● **Requirement**: Using the records provided below, locate and copy each line that contains the word "percussion".

● **Stored items**:
#####

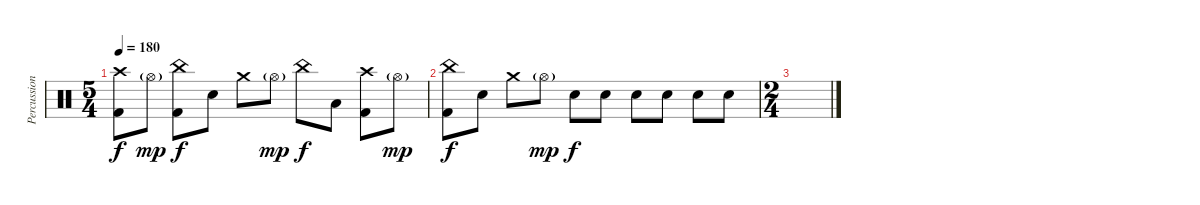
\track ("Percussion" "Percussion") {instrument percussion}
\staff {score}
\articulation defaults
\ts (5 4)
\tempo 180
\clef neutral
\ks c
("Crash high (hit)" "Kick (hit) 2").8{dy f} "Hi-Hat (open)"{g}.8{dy mp} ("China (hit)" "Kick (hit) 2").8{dy f} "Snare (hit) 2".8 "Crash medium (hit)".8 "Hi-Hat (open)"{g}.8{dy mp} "China (hit)".8{dy f} "Low Tom (hit)".8 ("Crash high (hit)" "Kick (hit) 2").8 "Hi-Hat (open)"{g}.8{dy mp} |
("China (hit)" "Kick (hit) 2").8{dy f} "Snare (hit) 2".8 "Crash medium (hit)".8 "Hi-Hat (open)"{g}.8{dy mp} "Snare (hit) 2".8{dy f} "Snare (hit) 2".8 "Snare (hit) 2".8 "Snare (hit) 2".8 "Snare (hit) 2".8 "Snare (hit) 2".8 |
\ts (2 4)
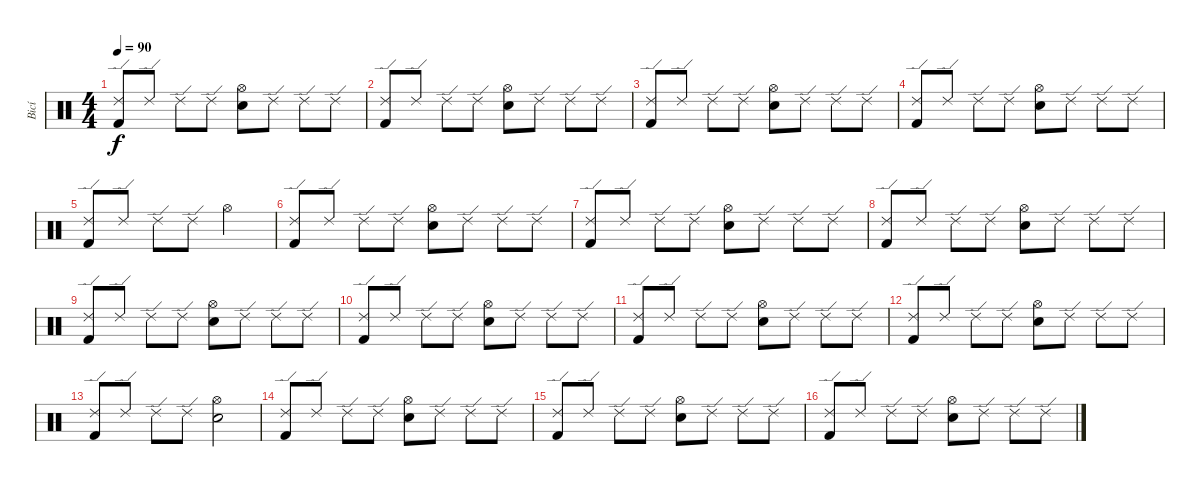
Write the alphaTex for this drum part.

\track ("Bicí" "Bicí") {instrument percussion}
\staff {score}
\articulation defaults
\ts (4 4)
\tempo 90
\clef neutral
\ks c
("Ride (edge) 2" "Kick (hit) 2").8{dy f} "Ride (edge) 2".8 "Ride (edge) 2".8 "Ride (edge) 2".8 ("Hi-Hat (open)" "Electric Snare (hit)").8 "Ride (edge) 2".8 "Ride (edge) 2".8 "Ride (edge) 2".8 |
("Ride (edge) 2" "Kick (hit) 2").8 "Ride (edge) 2".8 "Ride (edge) 2".8 "Ride (edge) 2".8 ("Hi-Hat (open)" "Electric Snare (hit)").8 "Ride (edge) 2".8 "Ride (edge) 2".8 "Ride (edge) 2".8 |
("Ride (edge) 2" "Kick (hit) 2").8 "Ride (edge) 2".8 "Ride (edge) 2".8 "Ride (edge) 2".8 ("Hi-Hat (open)" "Electric Snare (hit)").8 "Ride (edge) 2".8 "Ride (edge) 2".8 "Ride (edge) 2".8 |
("Ride (edge) 2" "Kick (hit) 2").8 "Ride (edge) 2".8 "Ride (edge) 2".8 "Ride (edge) 2".8 ("Hi-Hat (open)" "Electric Snare (hit)").8 "Ride (edge) 2".8 "Ride (edge) 2".8 "Ride (edge) 2".8 |
("Ride (edge) 2" "Kick (hit) 2").8 "Ride (edge) 2".8 "Ride (edge) 2".8 "Ride (edge) 2".8 "Hi-Hat (open)".2 |
("Ride (edge) 2" "Kick (hit) 2").8 "Ride (edge) 2".8 "Ride (edge) 2".8 "Ride (edge) 2".8 ("Hi-Hat (open)" "Electric Snare (hit)").8 "Ride (edge) 2".8 "Ride (edge) 2".8 "Ride (edge) 2".8 |
("Ride (edge) 2" "Kick (hit) 2").8 "Ride (edge) 2".8 "Ride (edge) 2".8 "Ride (edge) 2".8 ("Hi-Hat (open)" "Electric Snare (hit)").8 "Ride (edge) 2".8 "Ride (edge) 2".8 "Ride (edge) 2".8 |
("Ride (edge) 2" "Kick (hit) 2").8 "Ride (edge) 2".8 "Ride (edge) 2".8 "Ride (edge) 2".8 ("Hi-Hat (open)" "Electric Snare (hit)").8 "Ride (edge) 2".8 "Ride (edge) 2".8 "Ride (edge) 2".8 |
("Ride (edge) 2" "Kick (hit) 2").8 "Ride (edge) 2".8 "Ride (edge) 2".8 "Ride (edge) 2".8 ("Hi-Hat (open)" "Electric Snare (hit)").8 "Ride (edge) 2".8 "Ride (edge) 2".8 "Ride (edge) 2".8 |
("Ride (edge) 2" "Kick (hit) 2").8 "Ride (edge) 2".8 "Ride (edge) 2".8 "Ride (edge) 2".8 ("Hi-Hat (open)" "Electric Snare (hit)").8 "Ride (edge) 2".8 "Ride (edge) 2".8 "Ride (edge) 2".8 |
("Ride (edge) 2" "Kick (hit) 2").8 "Ride (edge) 2".8 "Ride (edge) 2".8 "Ride (edge) 2".8 ("Hi-Hat (open)" "Electric Snare (hit)").8 "Ride (edge) 2".8 "Ride (edge) 2".8 "Ride (edge) 2".8 |
("Ride (edge) 2" "Kick (hit) 2").8 "Ride (edge) 2".8 "Ride (edge) 2".8 "Ride (edge) 2".8 ("Hi-Hat (open)" "Electric Snare (hit)").8 "Ride (edge) 2".8 "Ride (edge) 2".8 "Ride (edge) 2".8 |
("Ride (edge) 2" "Kick (hit) 2").8 "Ride (edge) 2".8 "Ride (edge) 2".8 "Ride (edge) 2".8 ("Hi-Hat (open)" "Electric Snare (hit)").2 |
("Ride (edge) 2" "Kick (hit) 2").8 "Ride (edge) 2".8 "Ride (edge) 2".8 "Ride (edge) 2".8 ("Hi-Hat (open)" "Electric Snare (hit)").8 "Ride (edge) 2".8 "Ride (edge) 2".8 "Ride (edge) 2".8 |
("Ride (edge) 2" "Kick (hit) 2").8 "Ride (edge) 2".8 "Ride (edge) 2".8 "Ride (edge) 2".8 ("Hi-Hat (open)" "Electric Snare (hit)").8 "Ride (edge) 2".8 "Ride (edge) 2".8 "Ride (edge) 2".8 |
("Ride (edge) 2" "Kick (hit) 2").8 "Ride (edge) 2".8 "Ride (edge) 2".8 "Ride (edge) 2".8 ("Hi-Hat (open)" "Electric Snare (hit)").8 "Ride (edge) 2".8 "Ride (edge) 2".8 "Ride (edge) 2".8
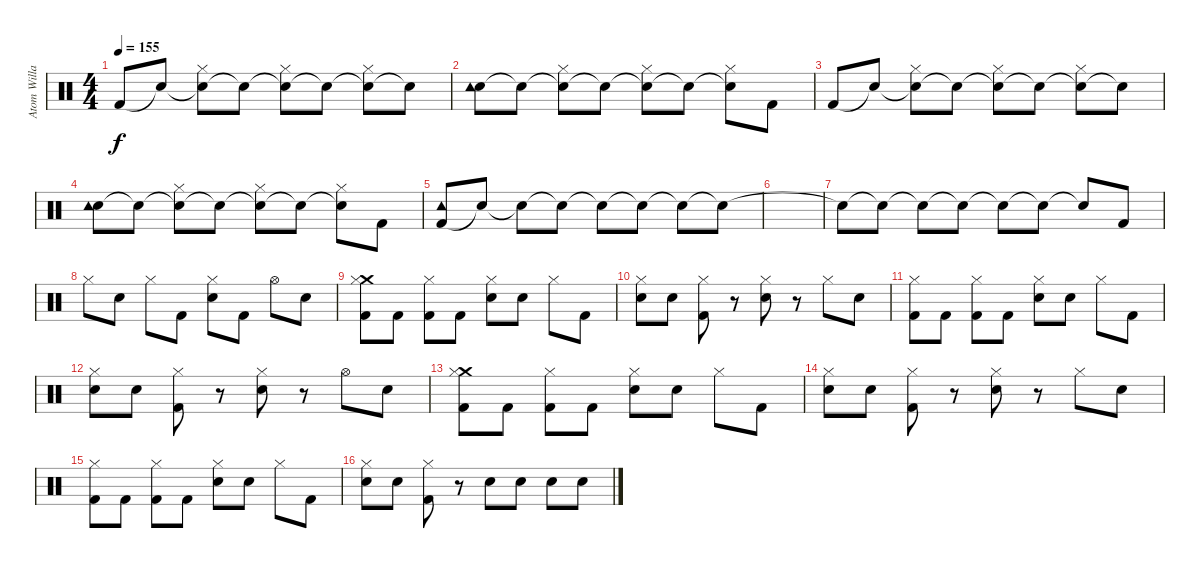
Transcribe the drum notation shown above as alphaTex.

\track ("Atom Willard - Drums" "Atom Willa") {instrument percussion}
\staff {score}
\articulation defaults
\ts (4 4)
\tempo 155
\clef neutral
\ks c "Kick (hit) 2".8{dy f} "Snare (hit)"{t}.8
("Snare (hit)"{t} "Hi-Hat (closed)").8 "Snare (hit)"{t}.8 ("Snare (hit)"{t} "Hi-Hat (closed)").8 "Snare (hit)"{t}.8 ("Snare (hit)"{t} "Hi-Hat (closed)").8 "Snare (hit)"{t}.8 |
("Hand Clap (hit)" "Tambourine (hit)").8 "Snare (hit)"{t}.8 ("Snare (hit)"{t} "Hi-Hat (closed)").8 "Snare (hit)"{t}.8 ("Snare (hit)"{t} "Hi-Hat (closed)").8 "Snare (hit)"{t}.8 ("Snare (hit)"{t} "Hi-Hat (closed)").8 "Kick (hit) 2".8 |
"Kick (hit) 2".8 "Snare (hit)"{t}.8 ("Snare (hit)"{t} "Hi-Hat (closed)").8 "Snare (hit)"{t}.8 ("Snare (hit)"{t} "Hi-Hat (closed)").8 "Snare (hit)"{t}.8 ("Snare (hit)"{t} "Hi-Hat (closed)").8 "Snare (hit)"{t}.8 |
("Hand Clap (hit)" "Tambourine (hit)").8 "Snare (hit)"{t}.8 ("Snare (hit)"{t} "Hi-Hat (closed)").8 "Snare (hit)"{t}.8 ("Snare (hit)"{t} "Hi-Hat (closed)").8 "Snare (hit)"{t}.8 ("Snare (hit)"{t} "Hi-Hat (closed)").8 "Kick (hit) 2".8 |
("Kick (hit) 2" "Tambourine (hit)").8 "Snare (hit)"{t}.8 "Snare (hit)"{t}.8 "Snare (hit)"{t}.8 "Snare (hit)"{t}.8 "Snare (hit)"{t}.8 "Snare (hit)"{t}.8 "Snare (hit)"{t}.8 |
|
"Snare (hit)"{t}.8 "Snare (hit)"{t}.8 "Snare (hit)"{t}.8 "Snare (hit)"{t}.8 "Snare (hit)"{t}.8 "Snare (hit)"{t}.8 "Snare (hit)"{t}.8 "Kick (hit) 2".8 |
"Hi-Hat (closed)".8 "Electric Snare (hit)".8 "Hi-Hat (closed)".8 "Kick (hit) 2".8 ("Electric Snare (hit)" "Hi-Hat (closed)").8 "Kick (hit) 2".8 "Hi-Hat (open)".8 "Snare (hit)".8 |
("Crash medium (hit)" "Kick (hit) 2" "Hi-Hat (closed)").8 "Kick (hit) 2".8 ("Kick (hit) 2" "Hi-Hat (closed)").8 "Kick (hit) 2".8 ("Electric Snare (hit)" "Hi-Hat (closed)").8 "Snare (hit)".8 "Hi-Hat (closed)".8 "Kick (hit) 2".8 |
("Snare (hit)" "Hi-Hat (closed)").8 "Electric Snare (hit)".8 ("Kick (hit) 2" "Hi-Hat (closed)").8 r.8 ("Electric Snare (hit)" "Hi-Hat (closed)").8 r.8 "Hi-Hat (closed)".8 "Snare (hit)".8 |
("Kick (hit) 2" "Hi-Hat (closed)").8 "Kick (hit) 2".8 ("Kick (hit) 2" "Hi-Hat (closed)").8 "Kick (hit) 2".8 ("Electric Snare (hit)" "Hi-Hat (closed)").8 "Snare (hit)".8 "Hi-Hat (closed)".8 "Kick (hit) 2".8 |
("Snare (hit)" "Hi-Hat (closed)").8 "Electric Snare (hit)".8 ("Kick (hit) 2" "Hi-Hat (closed)").8 r.8 ("Electric Snare (hit)" "Hi-Hat (closed)").8 r.8 "Hi-Hat (open)".8 "Snare (hit)".8 |
("Crash medium (hit)" "Kick (hit) 2" "Hi-Hat (closed)").8 "Kick (hit) 2".8 ("Kick (hit) 2" "Hi-Hat (closed)").8 "Kick (hit) 2".8 ("Electric Snare (hit)" "Hi-Hat (closed)").8 "Snare (hit)".8 "Hi-Hat (closed)".8 "Kick (hit) 2".8 |
("Snare (hit)" "Hi-Hat (closed)").8 "Electric Snare (hit)".8 ("Kick (hit) 2" "Hi-Hat (closed)").8 r.8 ("Electric Snare (hit)" "Hi-Hat (closed)").8 r.8 "Hi-Hat (closed)".8 "Snare (hit)".8 |
("Kick (hit) 2" "Hi-Hat (closed)").8 "Kick (hit) 2".8 ("Kick (hit) 2" "Hi-Hat (closed)").8 "Kick (hit) 2".8 ("Electric Snare (hit)" "Hi-Hat (closed)").8 "Snare (hit)".8 "Hi-Hat (closed)".8 "Kick (hit) 2".8 |
("Snare (hit)" "Hi-Hat (closed)").8 "Electric Snare (hit)".8 ("Kick (hit) 2" "Hi-Hat (closed)").8 r.8 "Electric Snare (hit)".8 "Electric Snare (hit)".8 "Electric Snare (hit)".8 "Snare (hit)".8

#####

● **Solution**:
\track ("Percussion" "Percussion") {instrument percussion}
\track ("Bicí" "Bicí") {instrument percussion}
\track ("Atom Willard - Drums" "Atom Willa") {instrument percussion}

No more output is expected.